▶ RECORDS
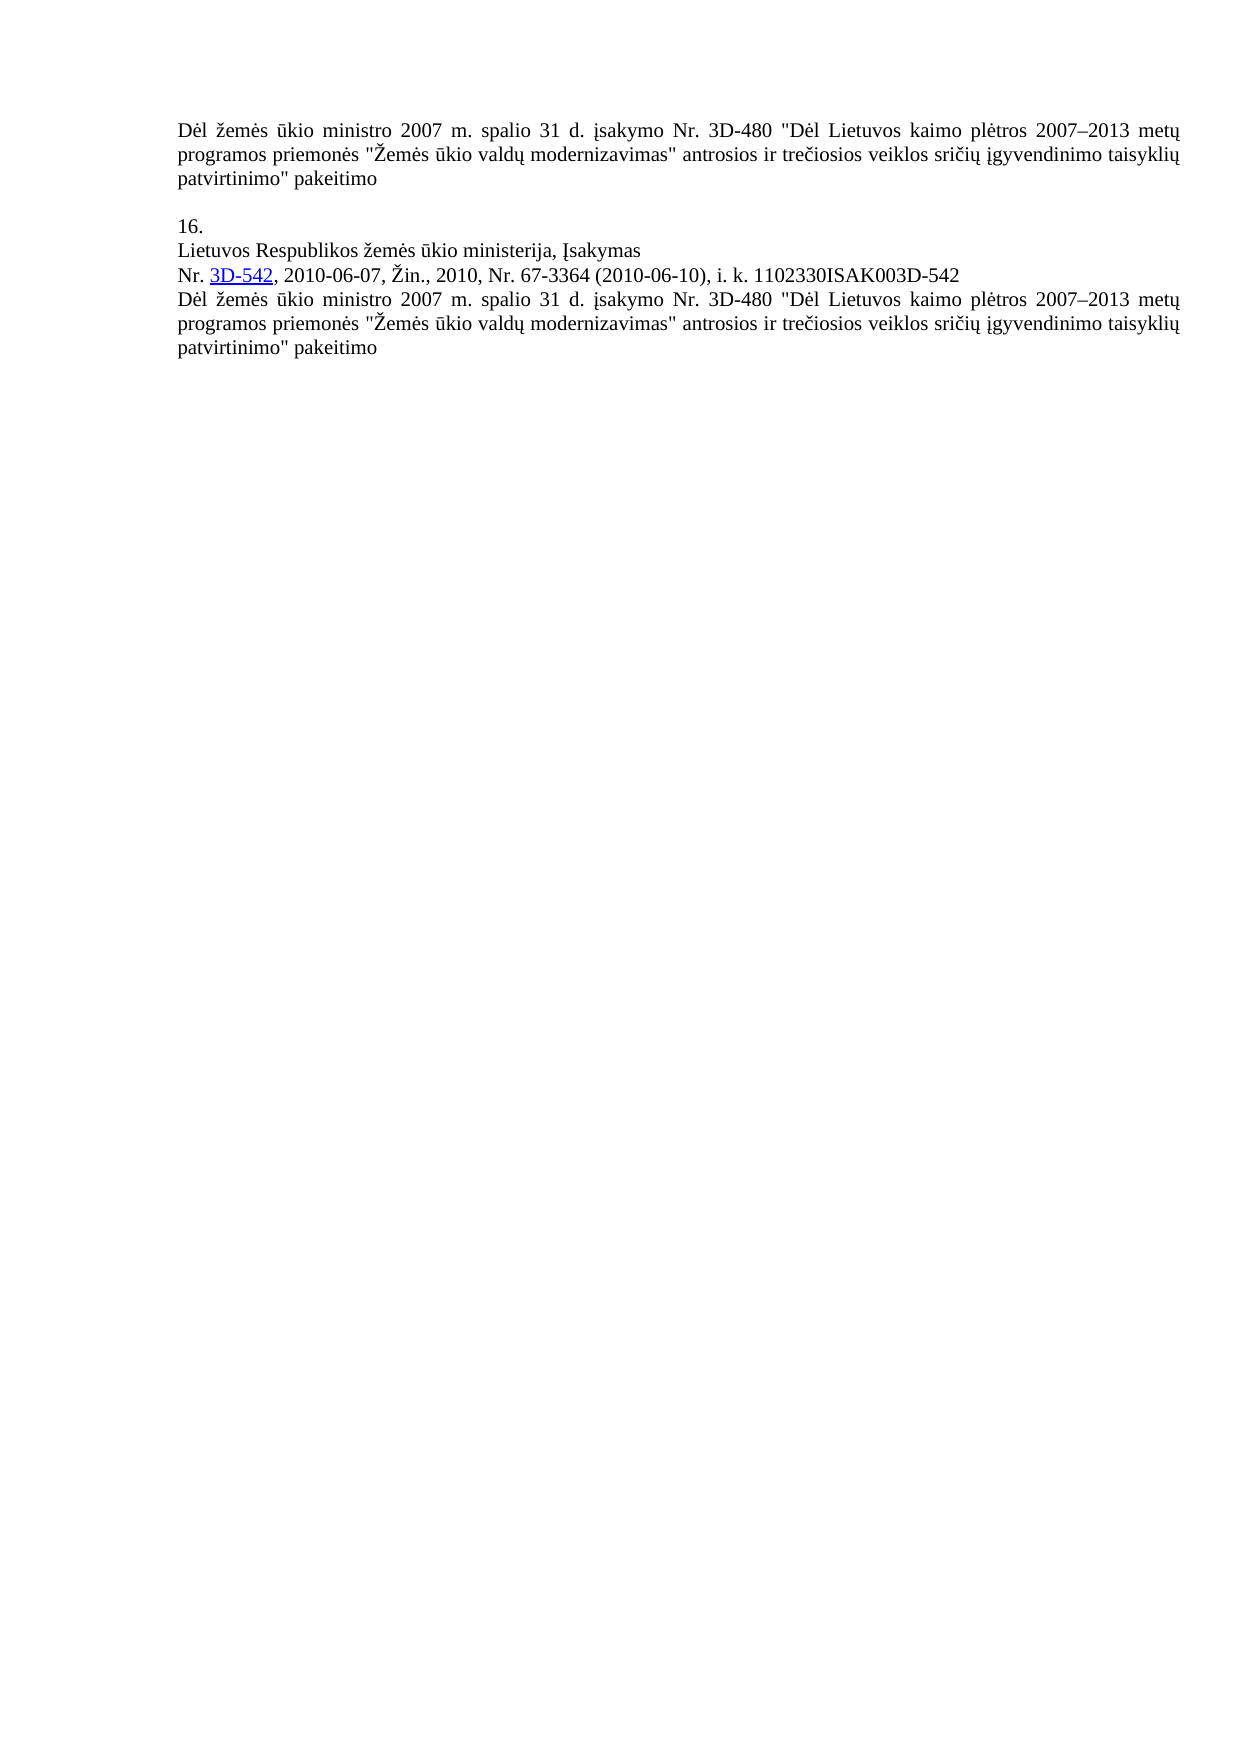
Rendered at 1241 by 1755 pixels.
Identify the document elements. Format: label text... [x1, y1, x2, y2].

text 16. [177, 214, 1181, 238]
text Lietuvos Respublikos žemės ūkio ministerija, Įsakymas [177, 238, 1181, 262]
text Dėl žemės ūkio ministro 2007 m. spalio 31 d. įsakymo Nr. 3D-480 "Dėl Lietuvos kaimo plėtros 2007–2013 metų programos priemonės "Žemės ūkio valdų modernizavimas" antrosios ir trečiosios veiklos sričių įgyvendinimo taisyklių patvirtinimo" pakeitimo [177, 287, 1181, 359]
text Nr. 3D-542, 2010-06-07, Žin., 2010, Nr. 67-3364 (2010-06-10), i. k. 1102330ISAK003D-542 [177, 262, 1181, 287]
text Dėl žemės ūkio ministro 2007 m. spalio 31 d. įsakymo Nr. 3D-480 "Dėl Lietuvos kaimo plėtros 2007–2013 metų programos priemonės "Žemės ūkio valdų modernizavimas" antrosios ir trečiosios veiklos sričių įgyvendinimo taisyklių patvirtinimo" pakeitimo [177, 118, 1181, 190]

▶ ABOUT THIS TASK
Nothing but the lines from the one with "text 16. [177, 214, 1181, 238]" through the end of the data above should be repeated, each exactly as it stands.

▶ ANSWER TO THIS TASK
text 16. [177, 214, 1181, 238]
text Lietuvos Respublikos žemės ūkio ministerija, Įsakymas [177, 238, 1181, 262]
text Dėl žemės ūkio ministro 2007 m. spalio 31 d. įsakymo Nr. 3D-480 "Dėl Lietuvos kaimo plėtros 2007–2013 metų programos priemonės "Žemės ūkio valdų modernizavimas" antrosios ir trečiosios veiklos sričių įgyvendinimo taisyklių patvirtinimo" pakeitimo [177, 287, 1181, 359]
text Nr. 3D-542, 2010-06-07, Žin., 2010, Nr. 67-3364 (2010-06-10), i. k. 1102330ISAK003D-542 [177, 262, 1181, 287]
text Dėl žemės ūkio ministro 2007 m. spalio 31 d. įsakymo Nr. 3D-480 "Dėl Lietuvos kaimo plėtros 2007–2013 metų programos priemonės "Žemės ūkio valdų modernizavimas" antrosios ir trečiosios veiklos sričių įgyvendinimo taisyklių patvirtinimo" pakeitimo [177, 118, 1181, 190]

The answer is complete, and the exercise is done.